Tablets always mean troubles – in the laboratory, in the real life, even in the film "Limitless." Cons, in fact, are unavoidable: a drug can affect a particular cognitive function at the cost of harm to other functions. To improve one of the elements of cognitive activity, it is necessary to provide resources that would otherwise be available for other of its elements.
"Enduring focusing leaves a trace," says Sarter, "at this, one does not only notice minor details, which may be very important, but also activates the corresponding internal process – along with the narrowing of the scope of attention, the range and scope of associations that can participate in thinking activity reduces, too".
In many circumstances, this may not be justified. But for those who do not need to reflect on the meaning of life, for example, air traffic controllers, the technique of focusing attention can be useful.
Forecast for the Future
So, is there the future of drugs that stimulate mental activity? Some scientists express optimistic judgments. Gary Lynch, a professor at the UCSF School of Medicine in Irvine, USA, argues that recent advances in neurology have cleared the way for an "intellectual" development of drugs aimed at specific biological functions of the brain. In his opinion, "the solution to the problem of improving memory is not far off, "although it is very difficult to predict the prospects for improving other types of mental activity ... It seems to me that this is inevitable, but when – that is the question."
Speaking of the near future, Lynch points out the agents directed at nicotinic receptors (molecules that affect the receptors of neurotransmitters under the influence of nicotine) as potential new stimulants of mental activity. Sarter agrees: a class of substances called agonists of nicotinic receptors ?4?2 * appears to have an effect on mechanisms that control attention. Among all known substances at the moment, they, in his opinion, "meet the criteria for a real impact on the cognitive process" at best.
However, Sartre is skeptical about the prospect of creating a medicinal product based on such substances. According to him, the pharmaceutical industry loses interest in drugs that improve mental performance, "because these drugs are prescribed less often, and it is this segment of the market that stimulates research and development." Pharmaceutical companies did not consider even the market for the treatment of attention deficit and hyperactivity disorder in the adult quite large and attractive."

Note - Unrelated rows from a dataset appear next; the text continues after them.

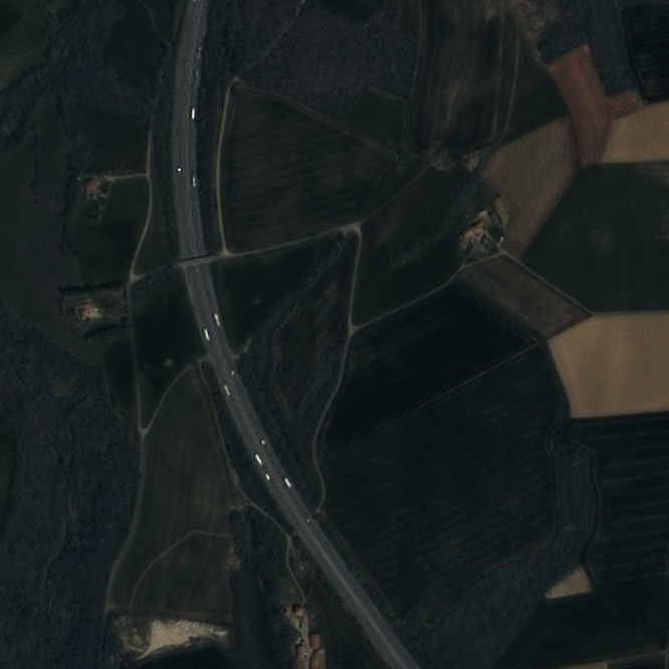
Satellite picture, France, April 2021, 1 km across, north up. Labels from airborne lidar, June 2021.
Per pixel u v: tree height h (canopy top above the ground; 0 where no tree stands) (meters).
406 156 15
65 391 0
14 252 0
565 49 15
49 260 0
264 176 0
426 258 0
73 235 0
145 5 8
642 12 0
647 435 0
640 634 0
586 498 17
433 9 0
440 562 0
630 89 11
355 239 0
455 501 0
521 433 0
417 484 0
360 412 0
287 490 0
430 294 0
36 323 0
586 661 0
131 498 13
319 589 0
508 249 0
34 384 14
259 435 0
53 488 19
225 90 12
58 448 18
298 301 9
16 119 22
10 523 18
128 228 0
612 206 0
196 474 0
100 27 19
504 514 0
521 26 0
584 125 0
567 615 0
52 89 17
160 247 0
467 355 0
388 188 0
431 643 22
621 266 0
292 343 0
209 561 0
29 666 18
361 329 0
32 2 0
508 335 0
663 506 0
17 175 0
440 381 0
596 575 0
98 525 16
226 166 0
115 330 15
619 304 0
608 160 0
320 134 0
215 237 10
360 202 0
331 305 0
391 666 0
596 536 0
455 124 0
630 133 0
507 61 0
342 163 0
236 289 0
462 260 7
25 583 12
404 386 0
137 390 0
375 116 0
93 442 16
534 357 0
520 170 0
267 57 14
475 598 17
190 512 0
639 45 0
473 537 0
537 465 0
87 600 12
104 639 17
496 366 0
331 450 0
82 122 0
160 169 10
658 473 0
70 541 10
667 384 0
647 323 0
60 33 24
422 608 0
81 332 10
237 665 15
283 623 12
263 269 0
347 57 13
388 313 0
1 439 0
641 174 0
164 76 12
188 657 0
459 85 0
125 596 0
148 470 0
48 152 0
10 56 0
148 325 0
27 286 0
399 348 0
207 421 0
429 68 0
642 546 0
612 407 0
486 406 0
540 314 0
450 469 0
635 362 0
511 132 0
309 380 0
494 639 18
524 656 0
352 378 0
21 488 16
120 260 0
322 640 0
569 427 0
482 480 0
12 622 20
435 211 0
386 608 12
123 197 0
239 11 12
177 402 0
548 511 0
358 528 0
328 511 0
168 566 0
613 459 0
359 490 0
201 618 0
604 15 15
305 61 11
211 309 0
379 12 9
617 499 0
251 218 0
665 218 0
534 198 0
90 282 0
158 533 0
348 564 9
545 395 0
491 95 0
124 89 17
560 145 0
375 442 0
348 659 0
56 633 13
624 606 0
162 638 0
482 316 0
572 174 0
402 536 0
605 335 0
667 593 0
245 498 0
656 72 0
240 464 7
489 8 0
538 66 0
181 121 0
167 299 0
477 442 0
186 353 0
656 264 0
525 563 11
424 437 0
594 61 12
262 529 11
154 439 0
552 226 0
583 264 0
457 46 0
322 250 0
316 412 16
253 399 14
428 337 0
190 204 0
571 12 19
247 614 17
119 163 0
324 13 11
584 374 0
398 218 0
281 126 0
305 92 6
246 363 16
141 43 0
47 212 0
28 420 11
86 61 23
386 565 0
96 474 18
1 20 0
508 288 0
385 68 17
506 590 16
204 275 0
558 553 16
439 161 0
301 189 0
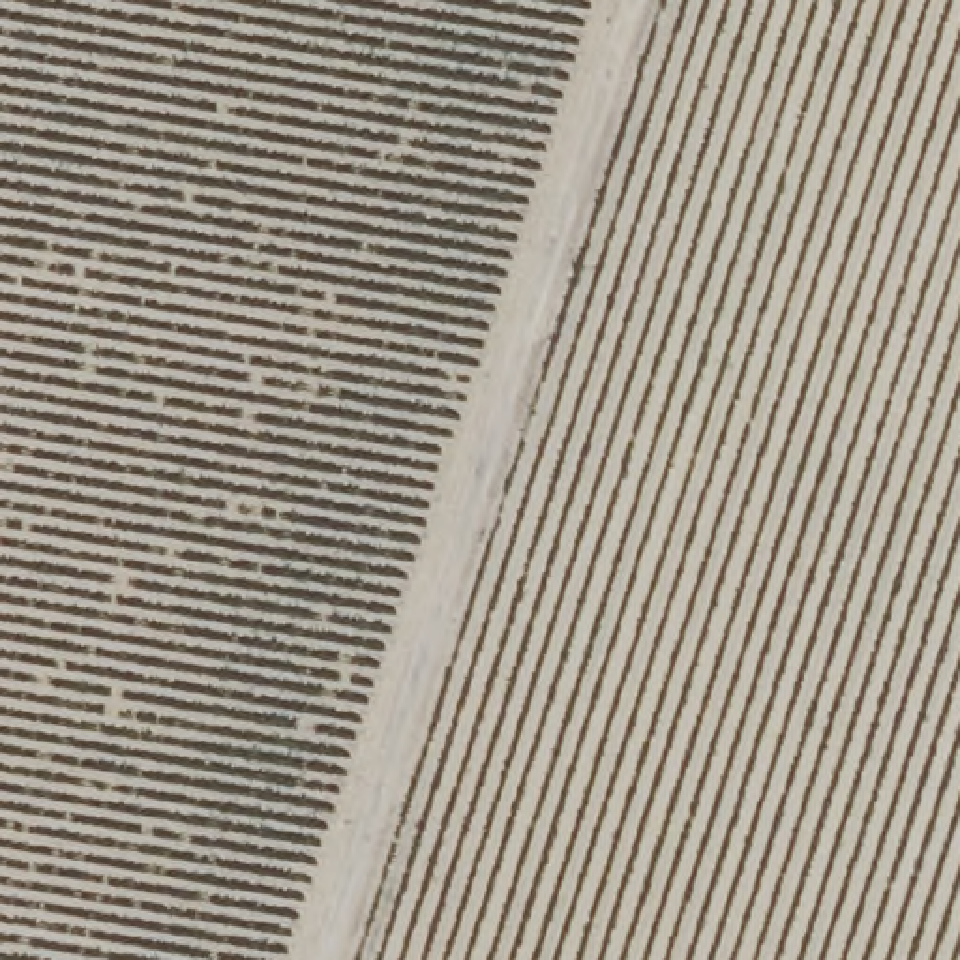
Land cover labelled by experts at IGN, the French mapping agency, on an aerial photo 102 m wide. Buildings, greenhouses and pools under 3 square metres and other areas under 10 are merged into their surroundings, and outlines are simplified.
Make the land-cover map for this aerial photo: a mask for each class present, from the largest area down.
<instances>
[{"label":"vineyard","instance_id":"1","mask_svg":"<svg viewBox=\"0 0 960 960\"><path fill-rule=\"evenodd\" d=\"M589 11L585 0H0V960H285L300 900L311 885L323 829L341 791L345 758L360 731L364 705L371 698V679L379 671L383 645L390 634V615L405 589V570L416 555V544L424 536L439 446L458 431V409L435 405V398L465 405L469 379L484 360L488 323L495 311L499 285L506 278V259L521 233L529 188L544 161L551 116L563 98V90L551 86V79H570L566 71ZM641 8L645 41L634 64L630 94L623 101L619 128L600 169L581 244L570 259V278L555 323L548 330L544 356L533 360L525 371V390L514 413L518 443L503 473V491L495 495L491 525L480 529L484 548L476 559V574L443 664L424 743L416 750L390 829V844L379 866L364 926L356 934L353 960H960V0H634Z\"/></svg>","mask_w":960,"mask_h":960},{"label":"plowed land","instance_id":"2","mask_svg":"<svg viewBox=\"0 0 960 960\"><path fill-rule=\"evenodd\" d=\"M589 11L566 71L570 79H551V86L563 90V98L551 116L544 161L529 188L521 233L506 259V278L499 285L495 311L488 323L484 360L469 379L465 405L435 398V405L458 409V431L439 446L424 536L416 544V555L405 570V589L390 615V634L383 645L379 671L371 679V698L364 705L360 731L345 758L341 791L323 829L311 885L300 900L285 960H353L356 934L364 926L379 866L390 844V829L416 750L424 743L443 664L476 574V559L484 548L480 529L491 525L495 495L503 491V473L518 443L514 413L525 390V371L533 360L544 356L548 330L555 323L570 278V259L581 244L600 169L619 128L623 101L630 94L634 64L645 41L641 8L634 0H585Z\"/></svg>","mask_w":960,"mask_h":960}]
</instances>

In a note published in 2002, Rose writes that once, piracetam as the drug for improving mental performance was widely advertised. Piracetam still has its supporters, but today this name rather serves as a reminder that potentially effective medicines disappear as quickly as they appear. The only thing left for us is traditional methods.
"A lot of clinical studies have been done on a variety of substances and they did not work at all," says Sarter. Desperate to get results, pharmaceutical companies began to close up their research programs in the field of psychiatry. Traditional methods, for example, the synthesis of new molecules and the study of their effects on symptoms, seem to have exhausted themselves, and a new strategy based on genetics and the processes (taking place in the brain) studying looms large on the horizon.
Because of the dramatical change of strategy, humankind has to wait for new miracle drugs even longer – until all the new systems are debugged. At the same time, no one guarantees the result.